- WHAT NEEDS TO BE DONE: Leave out the pictures and set down exactly the lines from the start of the listing through the one with "Answer: Makro Wholesale", both included.
►
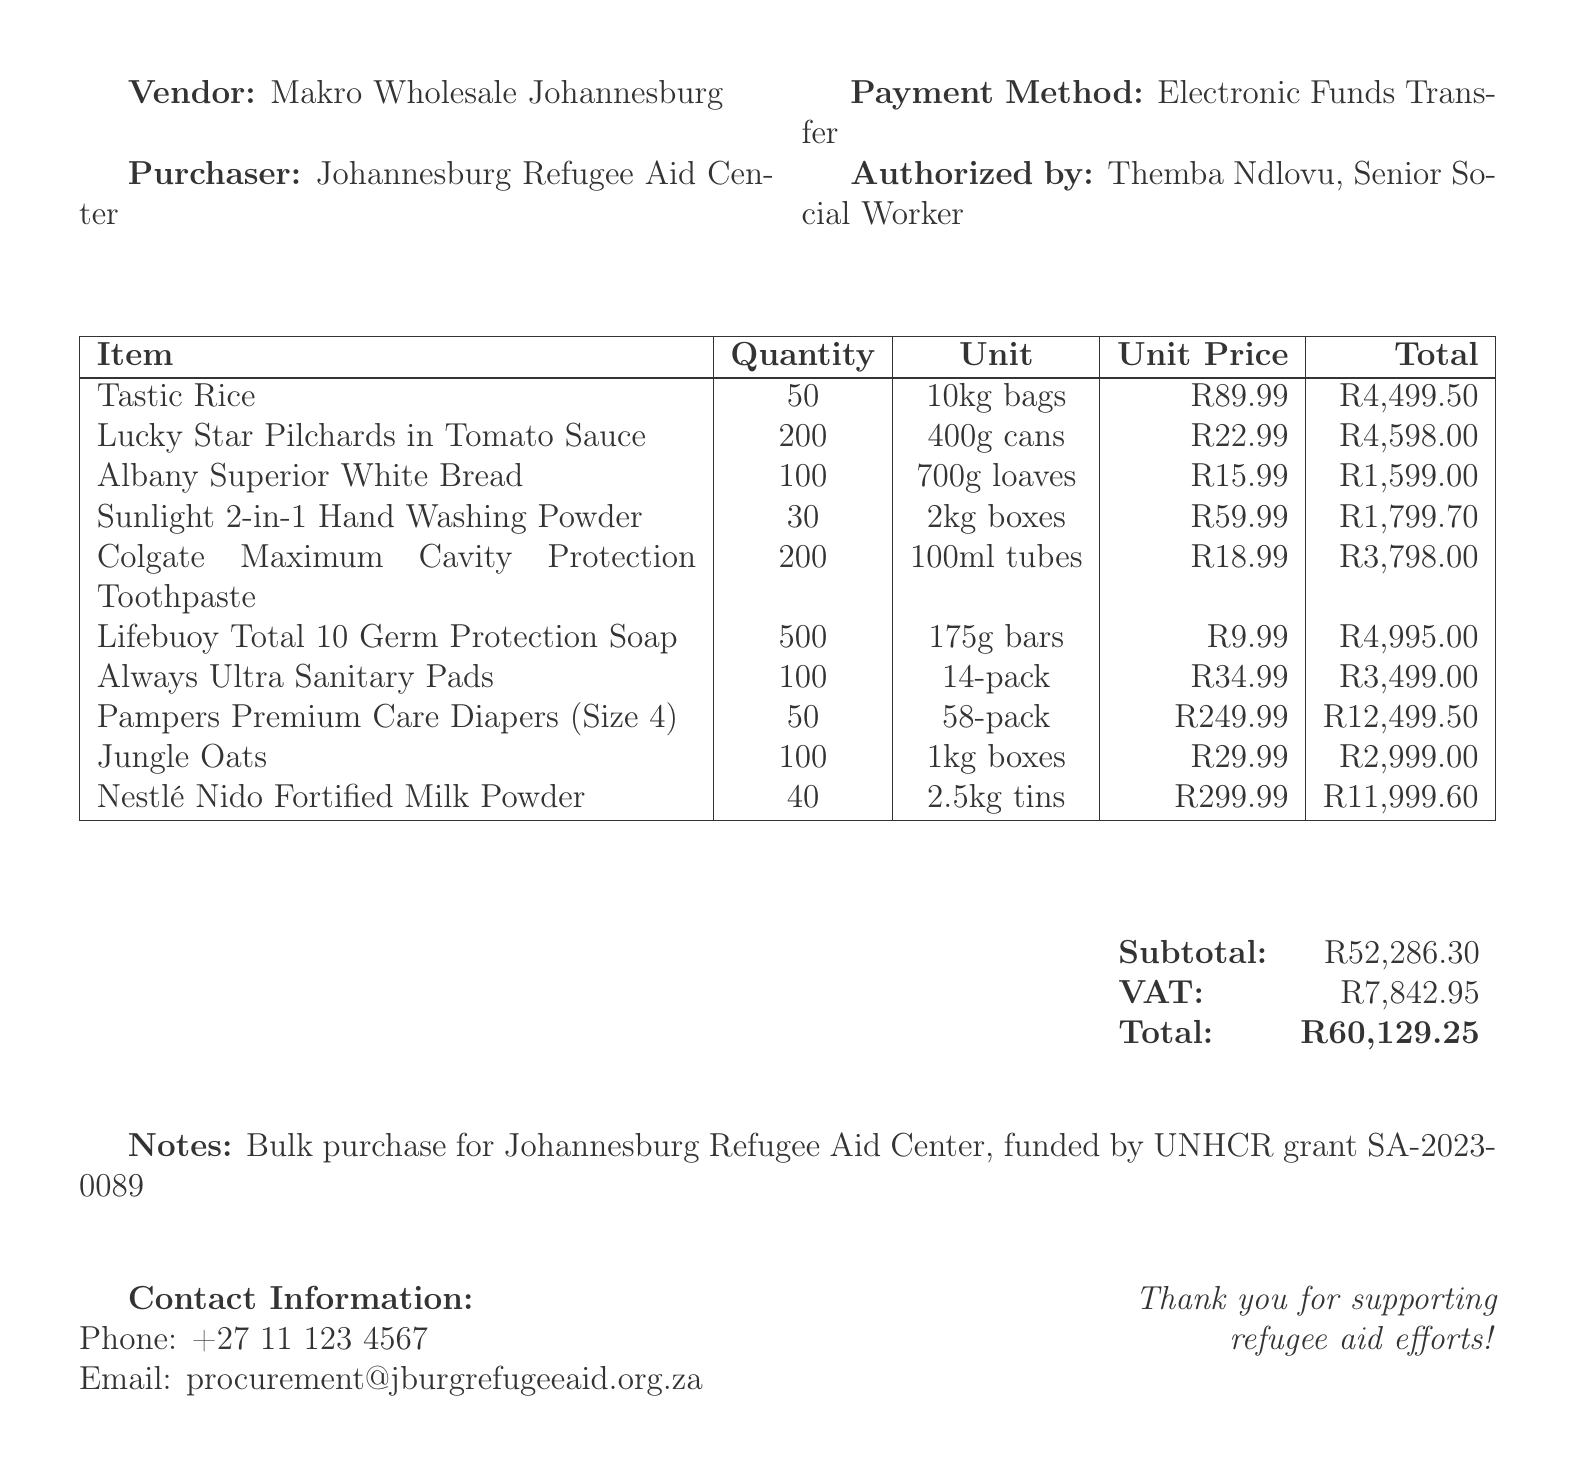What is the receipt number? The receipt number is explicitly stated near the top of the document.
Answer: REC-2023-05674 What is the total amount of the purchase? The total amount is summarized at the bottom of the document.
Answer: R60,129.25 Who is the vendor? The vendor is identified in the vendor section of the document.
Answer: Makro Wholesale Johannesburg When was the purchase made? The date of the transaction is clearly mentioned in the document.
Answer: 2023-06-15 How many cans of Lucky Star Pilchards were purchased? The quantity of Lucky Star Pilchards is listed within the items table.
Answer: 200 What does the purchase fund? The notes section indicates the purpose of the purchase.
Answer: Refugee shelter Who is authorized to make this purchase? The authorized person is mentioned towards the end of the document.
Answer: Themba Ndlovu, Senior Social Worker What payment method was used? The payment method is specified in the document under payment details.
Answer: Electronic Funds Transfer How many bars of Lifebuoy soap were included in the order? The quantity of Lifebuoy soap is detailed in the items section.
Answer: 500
◄
- WRITTEN ANSWER:
What is the receipt number? The receipt number is explicitly stated near the top of the document.
Answer: REC-2023-05674 What is the total amount of the purchase? The total amount is summarized at the bottom of the document.
Answer: R60,129.25 Who is the vendor? The vendor is identified in the vendor section of the document.
Answer: Makro Wholesale Johannesburg When was the purchase made? The date of the transaction is clearly mentioned in the document.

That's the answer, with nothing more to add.